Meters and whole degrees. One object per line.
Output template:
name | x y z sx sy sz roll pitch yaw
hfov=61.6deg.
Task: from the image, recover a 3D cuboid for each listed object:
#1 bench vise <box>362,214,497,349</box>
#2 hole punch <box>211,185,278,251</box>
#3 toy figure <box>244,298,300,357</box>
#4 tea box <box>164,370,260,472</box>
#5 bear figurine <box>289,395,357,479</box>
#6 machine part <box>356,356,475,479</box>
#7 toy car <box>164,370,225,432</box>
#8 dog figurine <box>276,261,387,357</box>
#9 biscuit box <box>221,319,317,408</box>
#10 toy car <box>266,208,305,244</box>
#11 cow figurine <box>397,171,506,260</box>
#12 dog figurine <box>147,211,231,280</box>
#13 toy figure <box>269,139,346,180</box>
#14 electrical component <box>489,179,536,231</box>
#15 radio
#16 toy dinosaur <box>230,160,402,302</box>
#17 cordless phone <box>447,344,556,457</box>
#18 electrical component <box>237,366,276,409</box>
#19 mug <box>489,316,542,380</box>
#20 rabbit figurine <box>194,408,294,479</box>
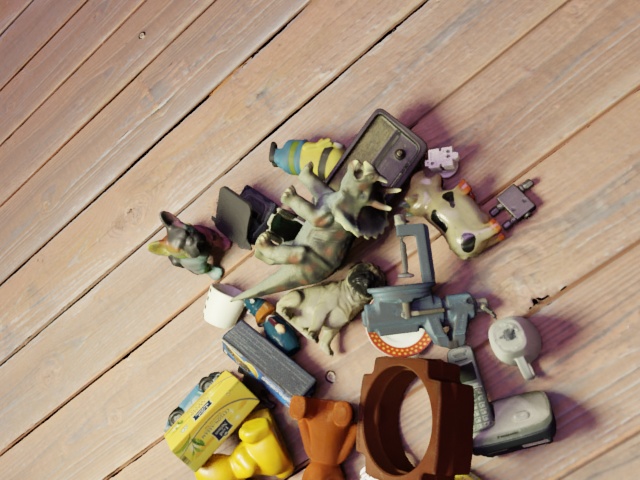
bench vise | 0.178 0.071 0.940 0.224 0.129 0.240 -8 84 12
hole punch | -0.168 -0.056 1.200 0.142 0.092 0.115 34 121 27
toy figure | -0.101 0.172 1.105 0.155 0.058 0.064 50 120 24
tea box | -0.205 0.337 1.016 0.169 0.068 0.098 -45 14 -20
bear figurine | 0.003 0.383 0.958 0.120 0.131 0.196 5 72 18
machine part | 0.154 0.296 0.883 0.201 0.087 0.201 -17 64 56
toy car | -0.233 0.352 1.108 0.103 0.109 0.161 43 85 6
dog figurine | 0.019 0.105 1.055 0.173 0.121 0.190 34 78 27
biscuit box | -0.101 0.246 1.049 0.203 0.059 0.063 35 56 20
toy car | -0.033 -0.001 1.124 0.202 0.056 0.073 31 97 31
cow figurine | 0.232 -0.049 0.991 0.127 0.085 0.195 -36 64 7
dog figurine | -0.302 0.004 1.165 0.192 0.219 0.108 17 81 29
toy figure | -0.022 -0.170 1.151 0.180 0.082 0.089 4 98 20
electrical component | 0.354 -0.065 0.965 0.094 0.021 0.063 -42 62 10
radio | 0.099 -0.126 1.056 0.131 0.073 0.229 36 94 2
toy dinosaur | -0.006 0.003 0.994 0.192 0.131 0.404 32 118 2
cordless phone | 0.291 0.249 0.882 0.147 0.088 0.184 -24 54 20
electrical component | -0.123 0.288 1.097 0.102 0.045 0.078 19 113 32
mug | 0.315 0.172 0.870 0.081 0.107 0.109 -20 66 22
rabbit figurine | -0.147 0.423 1.020 0.173 0.122 0.162 -23 99 -10
-=-=-
(WHAT YOU ARE ASKED TO DO):
Where an entry includes an image, skip the image and return everything else exactly.

(ANSWER FOR THE TASK):
Meters and whole degrees. One object per line.
Output template:
name | x y z sx sy sz roll pitch yaw
hfov=61.6deg.
Task: from the image, recover a 3D cuboid for each listed object:
#1 bench vise <box>362,214,497,349</box>
#2 hole punch <box>211,185,278,251</box>
#3 toy figure <box>244,298,300,357</box>
#4 tea box <box>164,370,260,472</box>
#5 bear figurine <box>289,395,357,479</box>
#6 machine part <box>356,356,475,479</box>
#7 toy car <box>164,370,225,432</box>
#8 dog figurine <box>276,261,387,357</box>
#9 biscuit box <box>221,319,317,408</box>
#10 toy car <box>266,208,305,244</box>
#11 cow figurine <box>397,171,506,260</box>
#12 dog figurine <box>147,211,231,280</box>
#13 toy figure <box>269,139,346,180</box>
#14 electrical component <box>489,179,536,231</box>
#15 radio
#16 toy dinosaur <box>230,160,402,302</box>
#17 cordless phone <box>447,344,556,457</box>
#18 electrical component <box>237,366,276,409</box>
#19 mug <box>489,316,542,380</box>
#20 rabbit figurine <box>194,408,294,479</box>
bench vise | 0.178 0.071 0.940 0.224 0.129 0.240 -8 84 12
hole punch | -0.168 -0.056 1.200 0.142 0.092 0.115 34 121 27
toy figure | -0.101 0.172 1.105 0.155 0.058 0.064 50 120 24
tea box | -0.205 0.337 1.016 0.169 0.068 0.098 -45 14 -20
bear figurine | 0.003 0.383 0.958 0.120 0.131 0.196 5 72 18
machine part | 0.154 0.296 0.883 0.201 0.087 0.201 -17 64 56
toy car | -0.233 0.352 1.108 0.103 0.109 0.161 43 85 6
dog figurine | 0.019 0.105 1.055 0.173 0.121 0.190 34 78 27
biscuit box | -0.101 0.246 1.049 0.203 0.059 0.063 35 56 20
toy car | -0.033 -0.001 1.124 0.202 0.056 0.073 31 97 31
cow figurine | 0.232 -0.049 0.991 0.127 0.085 0.195 -36 64 7
dog figurine | -0.302 0.004 1.165 0.192 0.219 0.108 17 81 29
toy figure | -0.022 -0.170 1.151 0.180 0.082 0.089 4 98 20
electrical component | 0.354 -0.065 0.965 0.094 0.021 0.063 -42 62 10
radio | 0.099 -0.126 1.056 0.131 0.073 0.229 36 94 2
toy dinosaur | -0.006 0.003 0.994 0.192 0.131 0.404 32 118 2
cordless phone | 0.291 0.249 0.882 0.147 0.088 0.184 -24 54 20
electrical component | -0.123 0.288 1.097 0.102 0.045 0.078 19 113 32
mug | 0.315 0.172 0.870 0.081 0.107 0.109 -20 66 22
rabbit figurine | -0.147 0.423 1.020 0.173 0.122 0.162 -23 99 -10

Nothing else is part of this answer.